What you need to do:
Below are the records; work out how many lines among them contain "areas", and write nothing besides that number.

Records excerpted from a collection:
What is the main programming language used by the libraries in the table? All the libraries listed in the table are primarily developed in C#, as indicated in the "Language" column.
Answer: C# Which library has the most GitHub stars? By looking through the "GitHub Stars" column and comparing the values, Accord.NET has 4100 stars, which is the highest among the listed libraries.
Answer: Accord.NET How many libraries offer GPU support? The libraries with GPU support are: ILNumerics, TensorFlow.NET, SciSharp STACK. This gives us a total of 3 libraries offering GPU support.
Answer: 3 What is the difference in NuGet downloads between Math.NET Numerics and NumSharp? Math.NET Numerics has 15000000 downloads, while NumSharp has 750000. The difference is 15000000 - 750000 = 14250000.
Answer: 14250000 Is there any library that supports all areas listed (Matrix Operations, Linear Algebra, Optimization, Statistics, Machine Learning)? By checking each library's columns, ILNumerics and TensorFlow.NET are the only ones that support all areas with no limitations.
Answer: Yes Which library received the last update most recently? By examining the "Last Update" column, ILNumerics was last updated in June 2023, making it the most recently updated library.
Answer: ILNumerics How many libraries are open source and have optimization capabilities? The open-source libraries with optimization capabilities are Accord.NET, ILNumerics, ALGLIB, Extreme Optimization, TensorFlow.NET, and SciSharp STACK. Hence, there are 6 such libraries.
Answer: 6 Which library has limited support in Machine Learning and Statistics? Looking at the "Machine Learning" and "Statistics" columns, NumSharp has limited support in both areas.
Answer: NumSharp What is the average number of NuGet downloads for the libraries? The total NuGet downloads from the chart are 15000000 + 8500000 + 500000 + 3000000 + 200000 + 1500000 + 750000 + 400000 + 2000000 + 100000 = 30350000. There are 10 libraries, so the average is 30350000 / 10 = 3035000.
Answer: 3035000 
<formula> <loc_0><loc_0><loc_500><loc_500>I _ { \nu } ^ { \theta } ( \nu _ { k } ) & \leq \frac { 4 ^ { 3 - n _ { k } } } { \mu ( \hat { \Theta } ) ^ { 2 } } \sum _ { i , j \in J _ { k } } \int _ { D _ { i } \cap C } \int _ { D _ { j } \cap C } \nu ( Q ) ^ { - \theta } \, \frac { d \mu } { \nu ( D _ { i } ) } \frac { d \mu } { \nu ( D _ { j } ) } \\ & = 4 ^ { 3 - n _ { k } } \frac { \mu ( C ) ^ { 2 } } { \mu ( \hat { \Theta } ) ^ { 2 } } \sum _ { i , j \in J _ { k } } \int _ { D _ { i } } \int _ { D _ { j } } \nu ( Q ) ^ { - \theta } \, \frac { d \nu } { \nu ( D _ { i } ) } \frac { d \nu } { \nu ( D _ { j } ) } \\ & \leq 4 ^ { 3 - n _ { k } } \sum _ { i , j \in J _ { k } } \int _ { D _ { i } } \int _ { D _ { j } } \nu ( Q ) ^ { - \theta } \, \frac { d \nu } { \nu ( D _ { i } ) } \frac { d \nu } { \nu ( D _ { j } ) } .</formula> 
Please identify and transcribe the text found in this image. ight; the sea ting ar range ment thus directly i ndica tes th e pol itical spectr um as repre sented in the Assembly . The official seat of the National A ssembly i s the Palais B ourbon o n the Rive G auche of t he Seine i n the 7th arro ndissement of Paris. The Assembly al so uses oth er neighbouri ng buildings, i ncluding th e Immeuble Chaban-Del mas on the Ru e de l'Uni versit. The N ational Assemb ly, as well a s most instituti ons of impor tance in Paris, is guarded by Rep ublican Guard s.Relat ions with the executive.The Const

Exercise answer:
2